Queens Comfort: A Tale of Old Toys, a Pakistani Soap Opera, and Mac & Cheese
The restaurant scene in New York can be unnervingly similar to elementary school friendships.The closing of a restaurant is like a best friend moving to a different country: You know that no one will ever fill that void, and the most aching pains come when someone new arranges their pencil case in the desk where that old friend once sat.
That is precisely how I felt when Blue Restaurant closed on 30th Avenue in Astoria almost three years ago. The regular menu at Blue wasn't even very good, but it had this secret menu--an actual printed secret menu that we in the know could request--loaded with some of the tastiest and dirt-cheapest Mexican food around. Learning that my secret flauta stand was being bulldozed was like a punch in the gut.

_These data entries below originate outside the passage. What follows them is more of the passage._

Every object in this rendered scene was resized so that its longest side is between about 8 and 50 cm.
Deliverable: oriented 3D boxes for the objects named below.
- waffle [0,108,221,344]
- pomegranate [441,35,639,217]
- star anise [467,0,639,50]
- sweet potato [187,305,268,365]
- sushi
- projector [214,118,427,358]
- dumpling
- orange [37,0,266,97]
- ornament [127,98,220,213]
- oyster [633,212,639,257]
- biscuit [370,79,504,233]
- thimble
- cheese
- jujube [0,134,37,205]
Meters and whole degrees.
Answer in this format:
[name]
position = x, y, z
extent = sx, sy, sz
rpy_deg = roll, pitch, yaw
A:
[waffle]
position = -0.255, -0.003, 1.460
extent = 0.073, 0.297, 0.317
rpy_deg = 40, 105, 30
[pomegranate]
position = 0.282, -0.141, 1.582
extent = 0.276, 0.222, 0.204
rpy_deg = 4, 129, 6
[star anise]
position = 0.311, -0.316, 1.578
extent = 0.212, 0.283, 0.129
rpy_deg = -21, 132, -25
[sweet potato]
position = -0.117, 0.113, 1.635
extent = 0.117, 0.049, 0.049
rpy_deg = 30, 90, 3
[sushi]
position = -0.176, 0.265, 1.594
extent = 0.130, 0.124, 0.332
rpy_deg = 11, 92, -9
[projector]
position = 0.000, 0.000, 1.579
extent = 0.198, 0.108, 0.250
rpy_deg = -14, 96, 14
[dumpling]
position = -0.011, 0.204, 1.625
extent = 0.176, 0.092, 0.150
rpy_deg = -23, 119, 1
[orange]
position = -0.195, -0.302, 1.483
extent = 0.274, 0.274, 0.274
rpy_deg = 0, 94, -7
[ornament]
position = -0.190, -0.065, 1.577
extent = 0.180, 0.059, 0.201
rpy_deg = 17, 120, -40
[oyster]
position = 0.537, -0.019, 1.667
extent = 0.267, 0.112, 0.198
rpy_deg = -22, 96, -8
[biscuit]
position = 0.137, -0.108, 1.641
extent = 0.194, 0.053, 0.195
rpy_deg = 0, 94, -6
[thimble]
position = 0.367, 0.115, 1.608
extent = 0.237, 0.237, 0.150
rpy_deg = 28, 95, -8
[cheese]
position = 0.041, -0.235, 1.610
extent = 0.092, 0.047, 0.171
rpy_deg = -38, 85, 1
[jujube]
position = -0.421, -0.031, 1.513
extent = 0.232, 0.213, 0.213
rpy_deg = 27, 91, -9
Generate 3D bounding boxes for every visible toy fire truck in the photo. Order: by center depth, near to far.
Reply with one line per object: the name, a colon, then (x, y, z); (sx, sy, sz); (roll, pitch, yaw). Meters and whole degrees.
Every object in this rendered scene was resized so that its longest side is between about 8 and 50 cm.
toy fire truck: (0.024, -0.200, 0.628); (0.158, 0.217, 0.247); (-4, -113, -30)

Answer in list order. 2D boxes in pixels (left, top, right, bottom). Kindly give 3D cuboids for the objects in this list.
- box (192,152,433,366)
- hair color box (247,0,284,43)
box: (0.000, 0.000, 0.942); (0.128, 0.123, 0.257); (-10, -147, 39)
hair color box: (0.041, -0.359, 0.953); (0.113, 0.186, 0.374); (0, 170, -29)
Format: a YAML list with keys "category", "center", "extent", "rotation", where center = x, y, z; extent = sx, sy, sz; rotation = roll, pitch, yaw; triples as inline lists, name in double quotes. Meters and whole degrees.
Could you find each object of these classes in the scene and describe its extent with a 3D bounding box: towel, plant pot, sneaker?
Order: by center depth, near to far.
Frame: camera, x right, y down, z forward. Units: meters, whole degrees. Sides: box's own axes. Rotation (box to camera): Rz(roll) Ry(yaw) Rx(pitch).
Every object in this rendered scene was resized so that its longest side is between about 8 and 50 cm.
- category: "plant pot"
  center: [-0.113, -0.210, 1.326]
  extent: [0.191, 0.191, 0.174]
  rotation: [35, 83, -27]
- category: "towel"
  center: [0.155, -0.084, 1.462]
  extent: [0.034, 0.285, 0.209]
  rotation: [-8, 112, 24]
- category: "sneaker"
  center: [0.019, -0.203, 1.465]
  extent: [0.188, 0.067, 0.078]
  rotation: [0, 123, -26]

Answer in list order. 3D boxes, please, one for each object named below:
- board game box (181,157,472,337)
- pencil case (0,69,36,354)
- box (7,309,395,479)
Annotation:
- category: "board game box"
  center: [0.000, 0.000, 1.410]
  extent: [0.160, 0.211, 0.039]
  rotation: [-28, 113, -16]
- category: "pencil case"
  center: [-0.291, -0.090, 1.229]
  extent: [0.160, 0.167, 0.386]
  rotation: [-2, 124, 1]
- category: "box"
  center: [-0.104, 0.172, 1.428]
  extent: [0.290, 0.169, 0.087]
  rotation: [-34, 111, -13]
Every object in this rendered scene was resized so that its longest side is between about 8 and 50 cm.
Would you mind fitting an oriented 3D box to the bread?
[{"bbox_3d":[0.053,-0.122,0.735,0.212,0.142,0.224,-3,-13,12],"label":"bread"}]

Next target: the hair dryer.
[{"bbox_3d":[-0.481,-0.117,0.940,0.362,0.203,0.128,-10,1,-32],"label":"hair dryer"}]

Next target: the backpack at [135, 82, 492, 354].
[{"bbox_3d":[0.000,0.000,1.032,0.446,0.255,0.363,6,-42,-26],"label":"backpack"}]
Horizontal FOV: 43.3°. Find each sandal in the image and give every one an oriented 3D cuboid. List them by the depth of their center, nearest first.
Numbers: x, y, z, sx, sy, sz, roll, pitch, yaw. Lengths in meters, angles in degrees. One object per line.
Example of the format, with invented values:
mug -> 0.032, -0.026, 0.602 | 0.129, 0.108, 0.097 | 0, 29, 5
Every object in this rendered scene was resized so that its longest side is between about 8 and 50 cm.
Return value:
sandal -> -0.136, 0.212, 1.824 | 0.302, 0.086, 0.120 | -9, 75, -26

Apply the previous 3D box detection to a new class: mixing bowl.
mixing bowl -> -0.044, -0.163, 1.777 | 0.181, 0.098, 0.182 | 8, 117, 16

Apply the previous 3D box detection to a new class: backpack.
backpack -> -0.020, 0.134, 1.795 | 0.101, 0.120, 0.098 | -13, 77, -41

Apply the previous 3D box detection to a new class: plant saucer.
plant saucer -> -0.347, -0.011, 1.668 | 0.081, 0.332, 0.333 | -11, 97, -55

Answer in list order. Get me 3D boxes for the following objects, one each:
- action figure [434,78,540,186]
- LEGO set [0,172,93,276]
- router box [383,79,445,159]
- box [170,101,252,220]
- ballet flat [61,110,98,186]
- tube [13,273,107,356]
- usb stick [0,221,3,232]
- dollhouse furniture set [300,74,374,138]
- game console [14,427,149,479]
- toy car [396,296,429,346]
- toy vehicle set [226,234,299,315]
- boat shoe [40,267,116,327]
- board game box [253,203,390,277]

The new kid that moved in was called Queens Comfort. And like a stubborn child, I held out for exactly two days before succumbing and giving it a chance. It helped that the menu was loaded with guilty pleasures. Mac and cheese is my kryptonite, and donuts, pot pies, and anything with a soft-centered egg test my willpower as well.
Queens Comfort owner Donnie D'Alessio graduated with a film production degree from the New School, and his prior work experience includes a stint as a videographer for a Pakistani soap opera filmed throughout the United States. The soft-spoken camera-man-turned-restaurateur was never formally trained in a kitchen other than the one owned by his mother and grandmother, which yielded some old family recipes, though he'd collected a team of friends with enough culinary ability to make a restaurant work.
He gave his new space a kitschy makeover: Christmas lights dangle from the ceiling, and bizarre indie films or WWF wrestling matches play on a movie screen on the back wall. Accessories look like they came from a vintage toy attic, with shelves of Halloween masks from the '80s, a remote-control Godzilla, old McDonald's toys, figurines from Michael Jackson's Thriller, and Gizmo in a pink Corvette. There are even haphazardly framed childhood photos of customers above the booths.
And then he got off to a slow start. While the mac and cheese was almost better than my grandmother's, it was inconsistent. And while the Tabasco-and-honey-doused fried chicken biscuit convinced me that it was no longer necessary for me to ZipCar to Pies 'n' Thighs in Brooklyn, the wait time to get it verged on agonizingly long some days. But most notably, the menu then had nothing for someone not wishing to binge on carbs--not to mention vegetarians--making it difficult to coerce my herbivore friends into joining me for Sunday brunch.